Wow! They look great.


----------



## Sfgwife (Feb 18, 2018)

bisonviewfarm said:


> More


Those are awesome! People here just want the absolute cheapest things they can find or those rickety prefab ones from farm stores that hold three full sized hens. :/.... and they put the max number in them that the i structions tell them it will hold. Nevermimd those numbers are for banty hens. Rabbit hutches go for more here than coops do.... crazy!

My aunt asked me if i had any chicks cause he husband was building them a coop. Took him a month to build. So ok yea i do. How many you want? Thirteen. Okie dokie. The day they come for the chicks she showed me pics of the coop.... yep a tsc one. Ugh! So i explained to her this will not be ok for that many grown hens at all Aunt. Oh no it says they will be just fine. Are you nuts!?!?! LOOK at the size of my grown hens and think how many will fit in that tinny space. Now go look at out coop.... it is the size of one of those mini home thingers... someone could easily live in our coop if it had runnin water, electricity and a toilet lol! They still took thirteen birds home. Oye.


----------



## bisonviewfarm (Apr 2, 2015)

MellonFriend said:


> Those look great!:goodjob:


Thanks I'm pretty proud of them 



ksalvagno said:


> Wow! They look great.


Thank you 



Sfgwife said:


> Those are awesome! People here just want the absolute cheapest things they can find or those rickety prefab ones from farm stores that hold three full sized hens. :/.... and they put the max number in them that the i structions tell them it will hold. Nevermimd those numbers are for banty hens. Rabbit hutches go for more here than coops do.... crazy!
> 
> My aunt asked me if i had any chicks cause he husband was building them a coop. Took him a month to build. So ok yea i do. How many you want? Thirteen. Okie dokie. The day they come for the chicks she showed me pics of the coop.... yep a tsc one. Ugh! So i explained to her this will not be ok for that many grown hens at all Aunt. Oh no it says they will be just fine. Are you nuts!?!?! LOOK at the size of my grown hens and think how many will fit in that tinny space. Now go look at out coop.... it is the size of one of those mini home thingers... someone could easily live in our coop if it had runnin water, electricity and a toilet lol!
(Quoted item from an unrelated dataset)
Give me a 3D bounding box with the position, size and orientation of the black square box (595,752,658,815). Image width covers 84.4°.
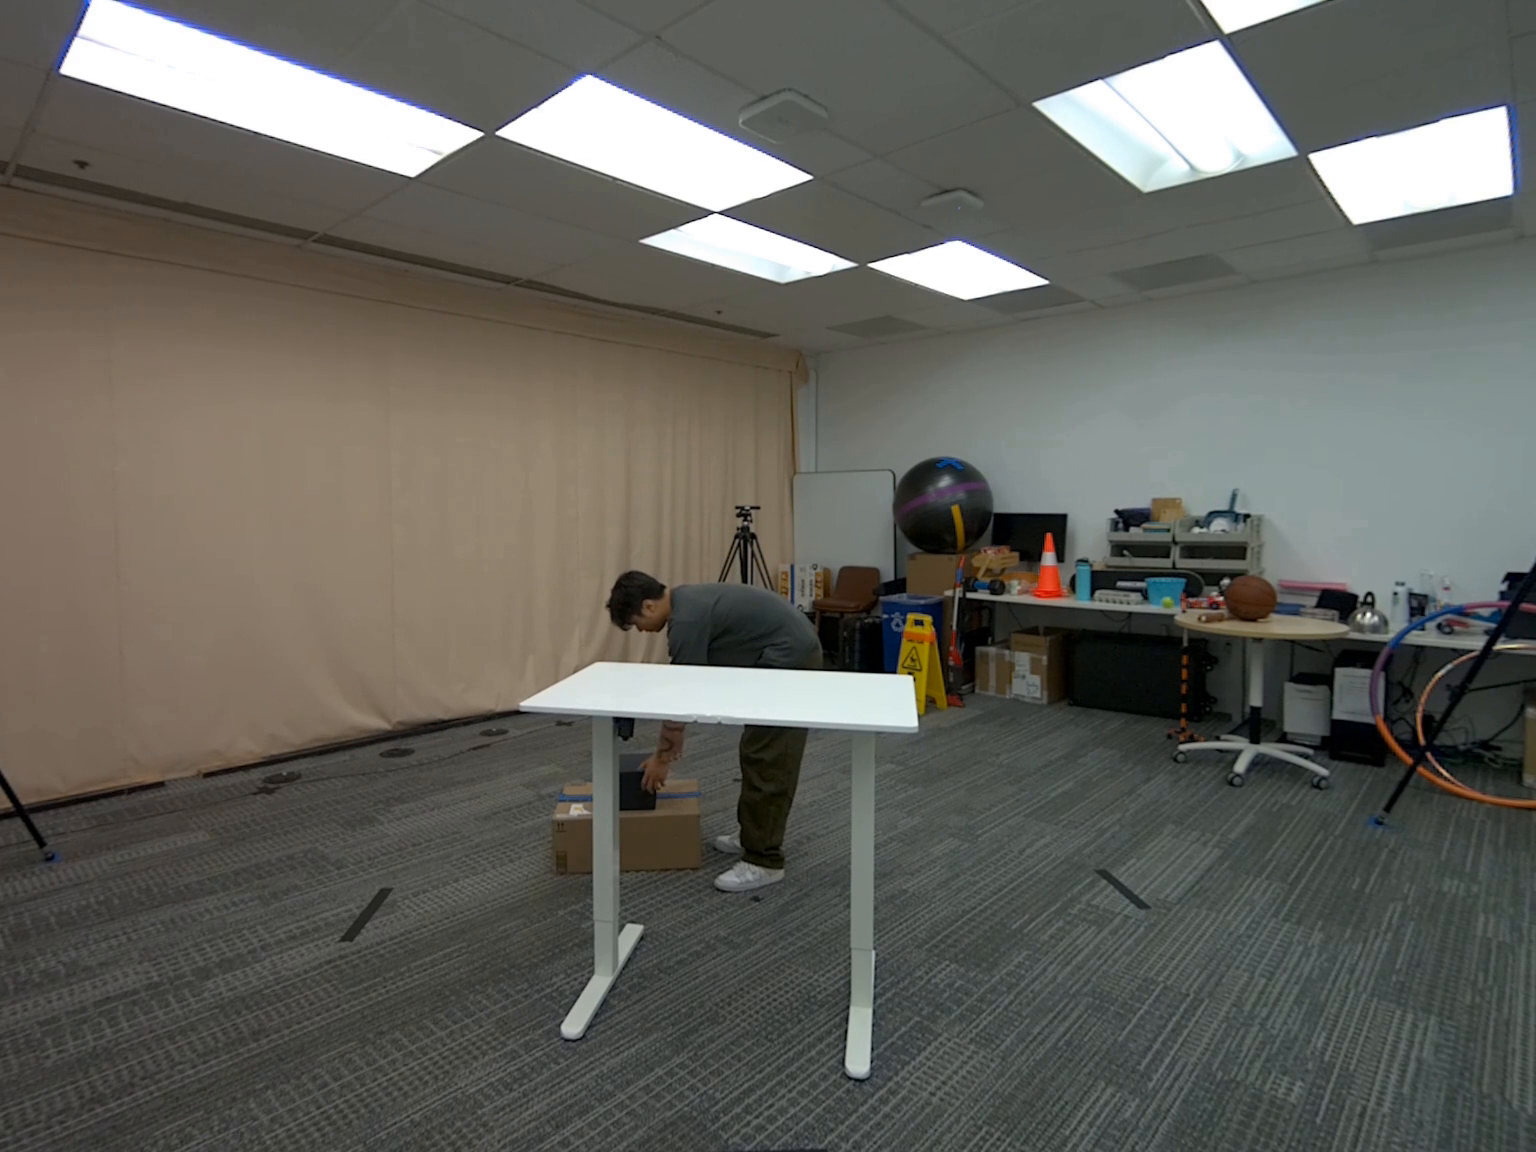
[{"bbox_3d":[-0.560,0.820,3.367,0.227,0.155,0.219,-4,6,-6],"label":"black square box"}]

They still took thirteen birds home. Oye.


Here to and I hate it. It's actually part of the reason I decided to start building coops. I hate seeing people crowding a bunch of hens in those tiny things. And unless you can build it's the only option here. My prices are a little higher than the farm store but low enough people are still willing to pay it.


----------



## happybleats (Sep 12, 2010)

Very inspiring!! Nice work


----------



## toth boer goats (Jul 20, 2008)

Nice.


----------